* ABOUT THIS TASK
An exact copy is all that is wanted: the lines from the one with "text // A whole" through the end of the listing below, both included, minus any pictures.
....
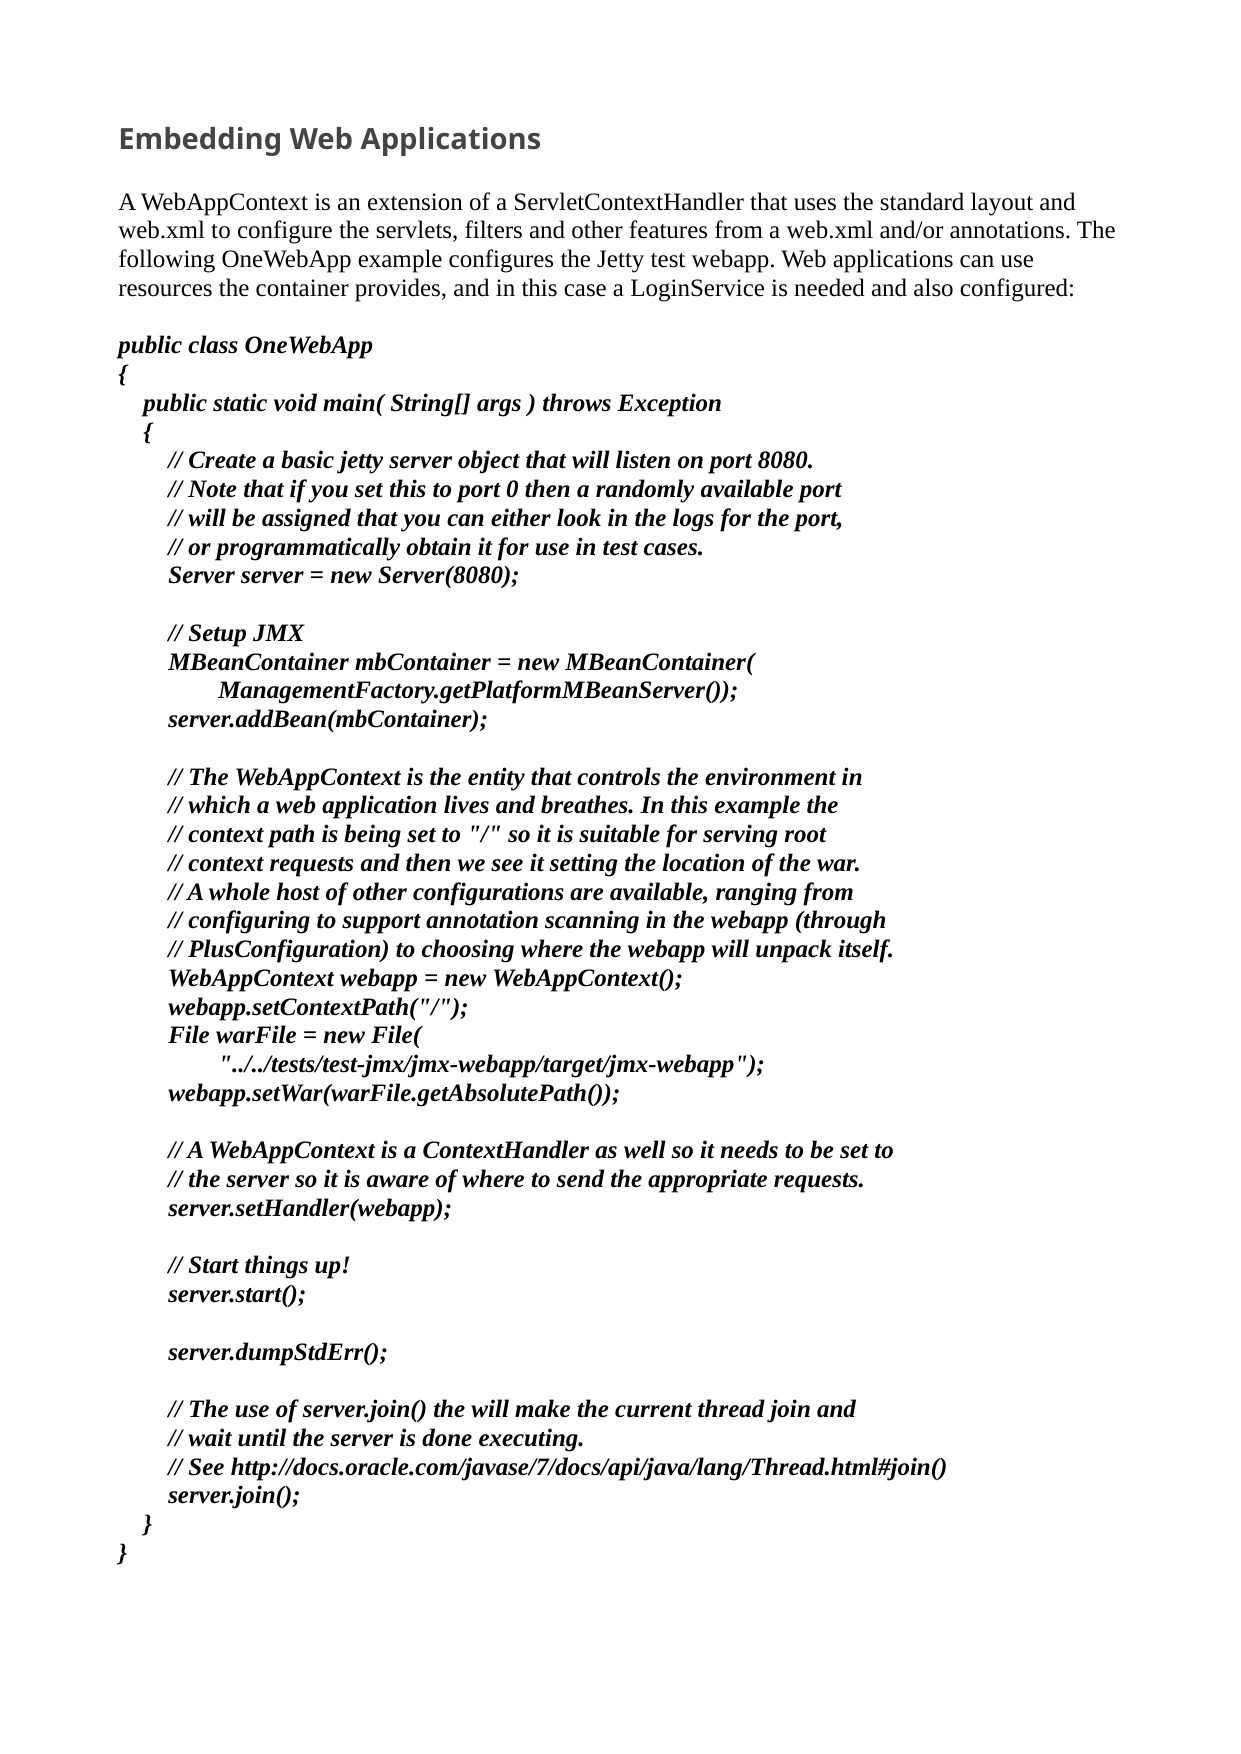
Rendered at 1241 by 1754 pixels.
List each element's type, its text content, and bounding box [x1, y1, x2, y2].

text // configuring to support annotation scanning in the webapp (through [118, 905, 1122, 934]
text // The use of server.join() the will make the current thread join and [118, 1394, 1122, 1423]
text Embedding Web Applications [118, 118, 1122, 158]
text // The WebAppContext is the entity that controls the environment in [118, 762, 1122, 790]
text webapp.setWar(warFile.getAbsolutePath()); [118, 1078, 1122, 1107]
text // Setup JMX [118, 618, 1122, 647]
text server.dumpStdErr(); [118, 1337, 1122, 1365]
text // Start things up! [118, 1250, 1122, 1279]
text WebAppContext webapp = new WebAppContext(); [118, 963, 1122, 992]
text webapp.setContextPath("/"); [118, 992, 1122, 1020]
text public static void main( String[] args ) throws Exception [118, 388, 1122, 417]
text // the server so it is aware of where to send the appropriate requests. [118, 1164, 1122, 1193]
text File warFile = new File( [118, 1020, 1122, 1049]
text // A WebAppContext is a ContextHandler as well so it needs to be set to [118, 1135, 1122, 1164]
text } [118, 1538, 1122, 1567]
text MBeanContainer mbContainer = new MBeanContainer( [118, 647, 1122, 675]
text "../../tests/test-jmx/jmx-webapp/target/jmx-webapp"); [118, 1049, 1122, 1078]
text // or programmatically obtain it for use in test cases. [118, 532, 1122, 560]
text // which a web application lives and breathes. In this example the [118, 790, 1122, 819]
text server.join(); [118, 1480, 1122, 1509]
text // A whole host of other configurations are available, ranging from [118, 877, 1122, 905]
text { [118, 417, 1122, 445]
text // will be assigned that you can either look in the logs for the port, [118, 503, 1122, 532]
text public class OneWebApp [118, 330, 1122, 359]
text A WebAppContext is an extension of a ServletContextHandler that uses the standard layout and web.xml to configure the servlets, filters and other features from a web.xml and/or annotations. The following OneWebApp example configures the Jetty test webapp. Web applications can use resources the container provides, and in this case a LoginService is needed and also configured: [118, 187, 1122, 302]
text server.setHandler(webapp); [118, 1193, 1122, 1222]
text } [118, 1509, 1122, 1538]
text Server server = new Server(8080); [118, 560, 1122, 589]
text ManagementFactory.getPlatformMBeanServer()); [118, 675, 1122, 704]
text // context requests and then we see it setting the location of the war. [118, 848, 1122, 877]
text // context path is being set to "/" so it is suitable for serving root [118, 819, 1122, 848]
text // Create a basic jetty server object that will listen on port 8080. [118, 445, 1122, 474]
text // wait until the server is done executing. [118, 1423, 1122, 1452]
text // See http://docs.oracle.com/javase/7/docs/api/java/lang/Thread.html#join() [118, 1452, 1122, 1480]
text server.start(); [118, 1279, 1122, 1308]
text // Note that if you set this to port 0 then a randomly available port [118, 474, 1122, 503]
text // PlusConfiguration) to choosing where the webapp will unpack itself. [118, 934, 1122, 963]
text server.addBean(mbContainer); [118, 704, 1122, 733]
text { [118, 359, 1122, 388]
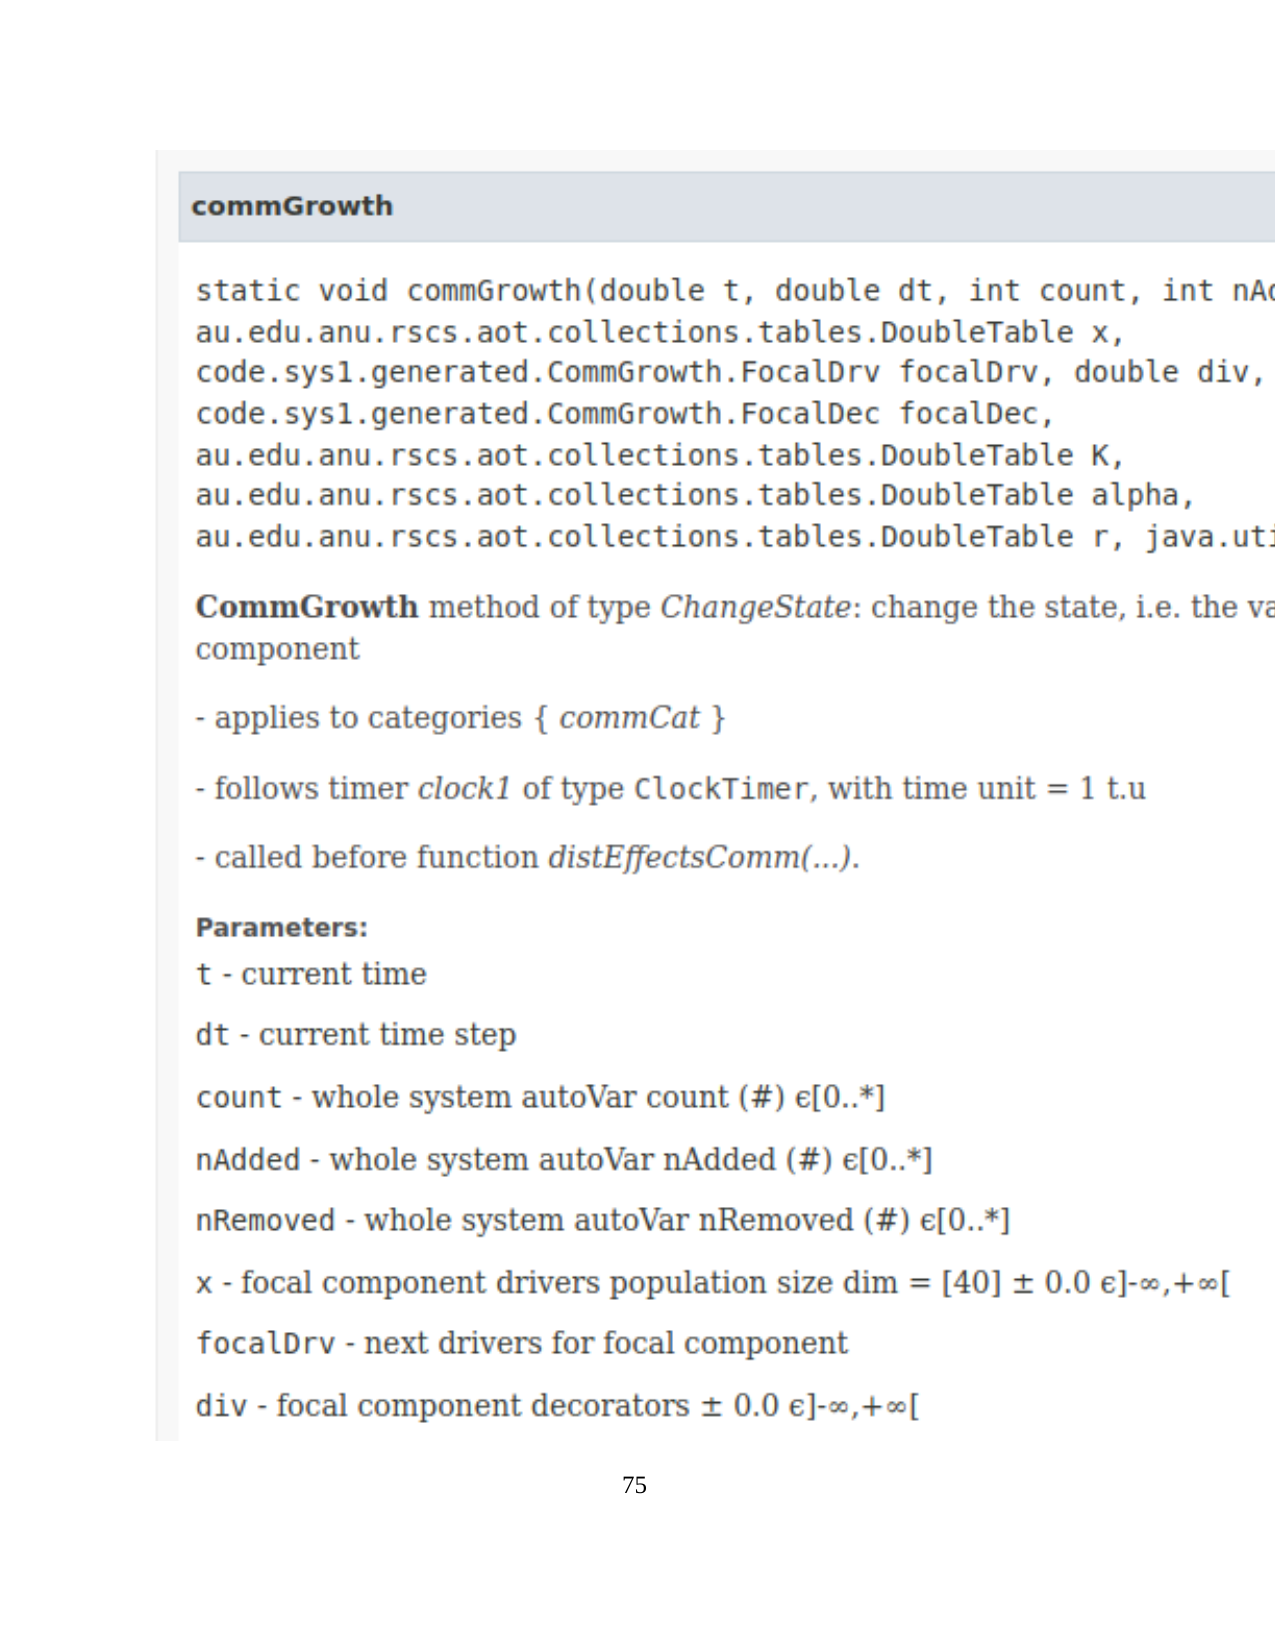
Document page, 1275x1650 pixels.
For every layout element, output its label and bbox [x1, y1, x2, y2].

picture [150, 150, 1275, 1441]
....
* EXERCISE OUTPUT
text // A whole host of other configurations are available, ranging from [118, 877, 1122, 905]
text { [118, 417, 1122, 445]
text // will be assigned that you can either look in the logs for the port, [118, 503, 1122, 532]
text public class OneWebApp [118, 330, 1122, 359]
text A WebAppContext is an extension of a ServletContextHandler that uses the standard layout and web.xml to configure the servlets, filters and other features from a web.xml and/or annotations. The following OneWebApp example configures the Jetty test webapp. Web applications can use resources the container provides, and in this case a LoginService is needed and also configured: [118, 187, 1122, 302]
text server.setHandler(webapp); [118, 1193, 1122, 1222]
text } [118, 1509, 1122, 1538]
text Server server = new Server(8080); [118, 560, 1122, 589]
text ManagementFactory.getPlatformMBeanServer()); [118, 675, 1122, 704]
text // context requests and then we see it setting the location of the war. [118, 848, 1122, 877]
text // context path is being set to "/" so it is suitable for serving root [118, 819, 1122, 848]
text // Create a basic jetty server object that will listen on port 8080. [118, 445, 1122, 474]
text // wait until the server is done executing. [118, 1423, 1122, 1452]
text // See http://docs.oracle.com/javase/7/docs/api/java/lang/Thread.html#join() [118, 1452, 1122, 1480]
text server.start(); [118, 1279, 1122, 1308]
text // Note that if you set this to port 0 then a randomly available port [118, 474, 1122, 503]
text // PlusConfiguration) to choosing where the webapp will unpack itself. [118, 934, 1122, 963]
text server.addBean(mbContainer); [118, 704, 1122, 733]
text { [118, 359, 1122, 388]
Document page, 1275x1650 pixels.
For every layout element, output its label and bbox [x1, y1, x2, y2].

picture [150, 150, 1275, 1441]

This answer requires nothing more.